ThatGuyB's rants

I can’t believe how useful the forum is by just using a keyboard. Ain’t the finest experience, but definitely usable.

My wireless KB+touchpad combo suffered brain water damage and kept typing the letter “n,” so I stopped it, unplugged its batteries and I’m letting it sit out for the night. Been using one of my trusty SK-8115s on the forum, got no cursor. I have 2 mice, 2 touchpads and a trackball waiting to be used, I was just too lazy to unpack one of the touchpads, my trackball is being used on my TR windows VM, although its dongle is on an USB extension, so I could easily remove it, but the TB is giBALLtic.

1 Like

I’ve been using my keyboard+touchpad again, works like brand new.

The forum could have been a lot of keyboard-friendly than it is, if the custom top bar / banner that says “Return to level1tech” was not there. Even if it doesn’t show on other threads, it is still hidden away. If you hit F6 to highlight the URL bar, then hit tab a bunch of times, the first thing on the page will be that custom banner.

The bugs I encountered were that in a long thread, like Post What you Are Working On or whatever it’s called, when I was scrolling with j and k to go through the comments and then hitting tab to give an upcummie to someone, sometimes the tab would just jump to an older comment randomly, not necessarily one I upcummied before, then I had to scroll down to that one again. I made it easier by using pg down.

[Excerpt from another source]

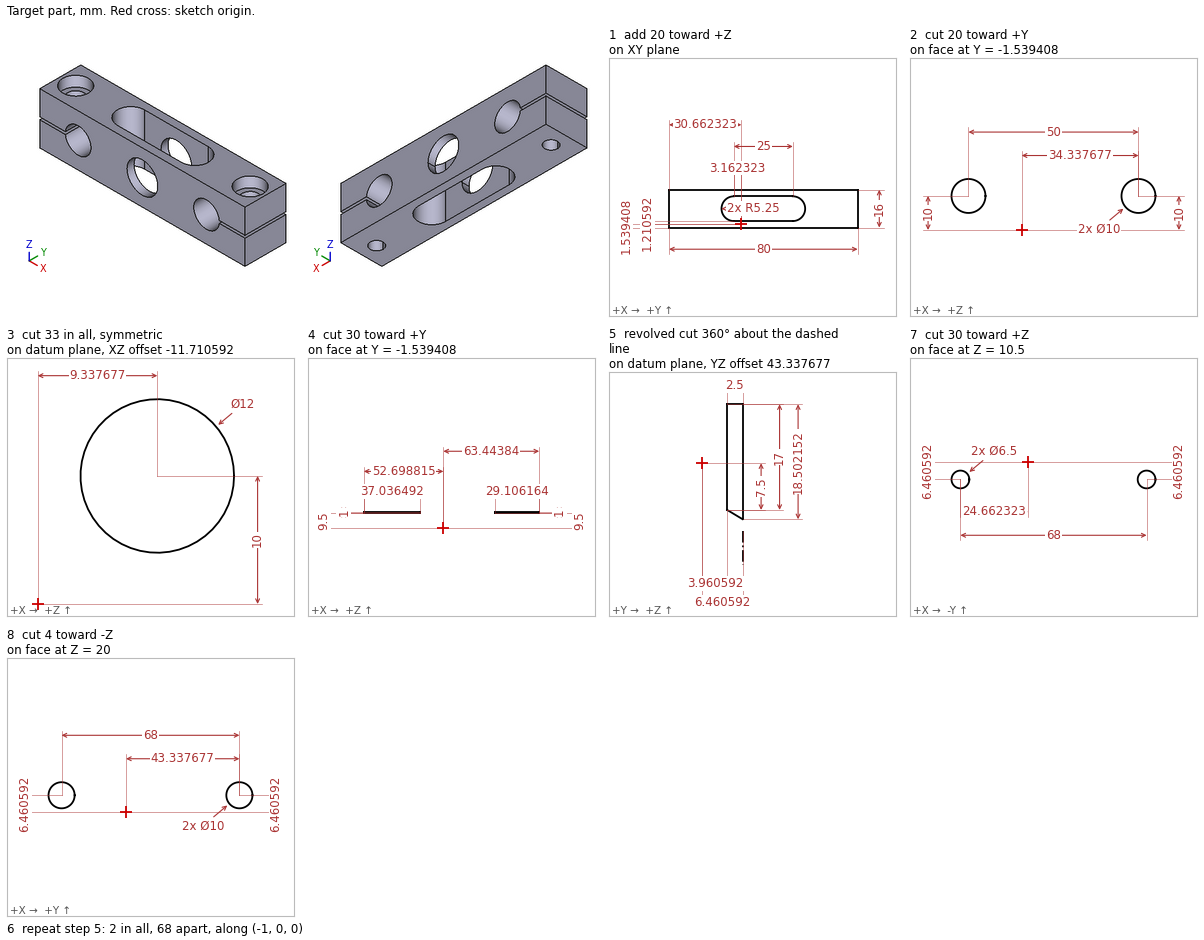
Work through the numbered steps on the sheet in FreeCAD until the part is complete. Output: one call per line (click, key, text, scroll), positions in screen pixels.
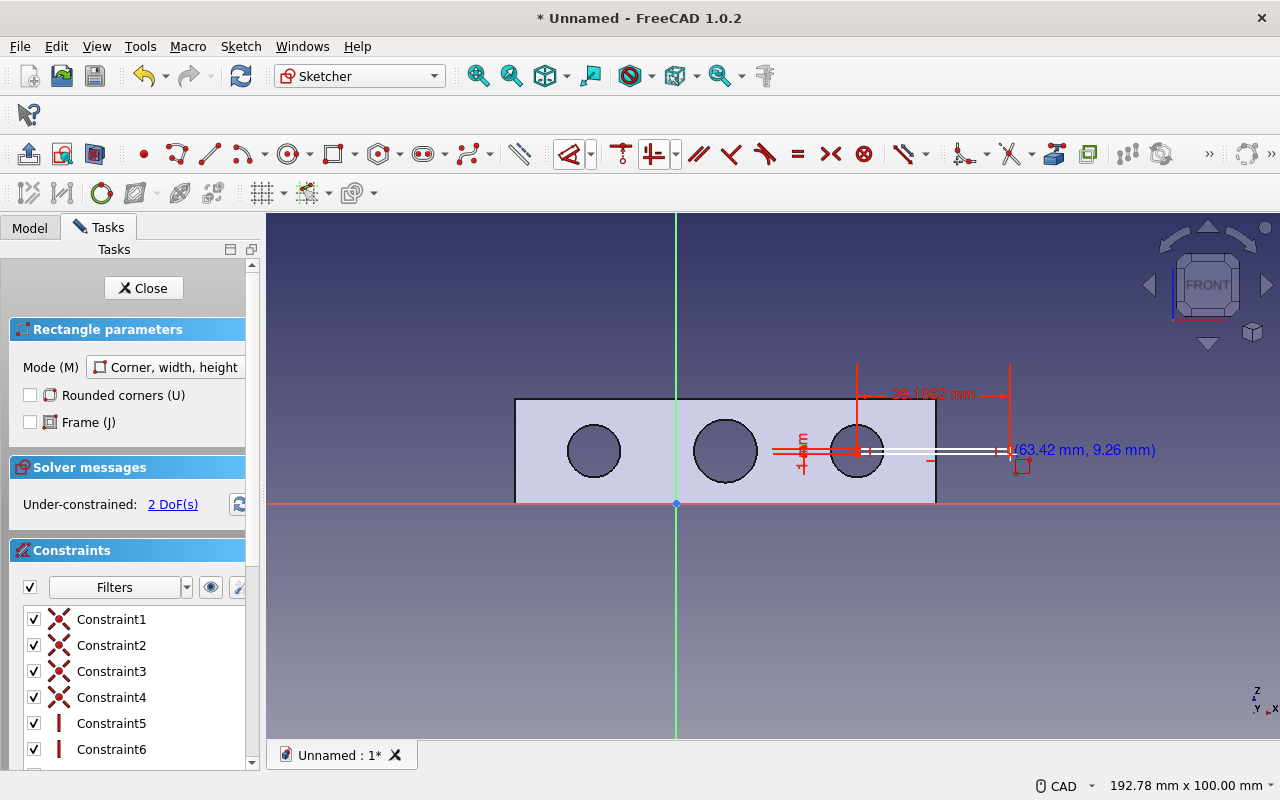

Another weird bug was because of the custom banner, when I was in a long thread and went from F6 to my top icon to check notification by hitting tab a bunch of times, it would reveal the banner to return to L1T, but the forum would also jump from the comment I was at, to the top of the page. Complete asinine, without it, I doubt I would be pushed to the OP, it would just jump to the L1T icon near the thread title.

Yesterday I finished Hitman 5. I didn’t really enjoy the game, especially not like previous episodes, mostly because of the challenges. I just didn’t feel satisfied until I played the game a few times, completing the challenges. But it was such a chore. The game got boring 1/4th of the way to completion. I took a month or more break from it, because I really didn’t feel like playing it anymore. Left it at the last mission.

Yesterday I wanted to finish it. I didn’t care I was not getting all challenges or that I can’t be a silent assassin. I just killed anyone that stood in the way.

Then I played DOOM. I got the latest version of FreeDOOM, latest gzdoom, grabbed BrutalDOOM v21 and played Going Down on Ultra Violence with Pistol Start. Boy, did I have a lot of fun. Even with all the deaths (it is pretty brutal), I had fun conquering levels 1 through 3.

Why are games these days so overly complicated? Game devs just take the last drop of enjoyment out of their games. I remember playing Thief 3, Dishonored, DOOM 3, Command and Conquer 2 and 3 and obviously, the original DOOM. All of them were pretty simple games, if you wanted a challenge, you played it on higher difficulty. I usually would start a game on medium AI, then after finishing it and getting the hang of it, going on hard. And I would replay games quite often.

But modern games? I finish them and never look back. I played Hitman 2 more than 10 times. Hitman 4, only played once, but managed to complete it. Hitman 5? I could barely go through it. I don’t feel like buying the new versions of Hitman 1, 2 and 3. I have Hitman sniper challenge that I didn’t even start at all.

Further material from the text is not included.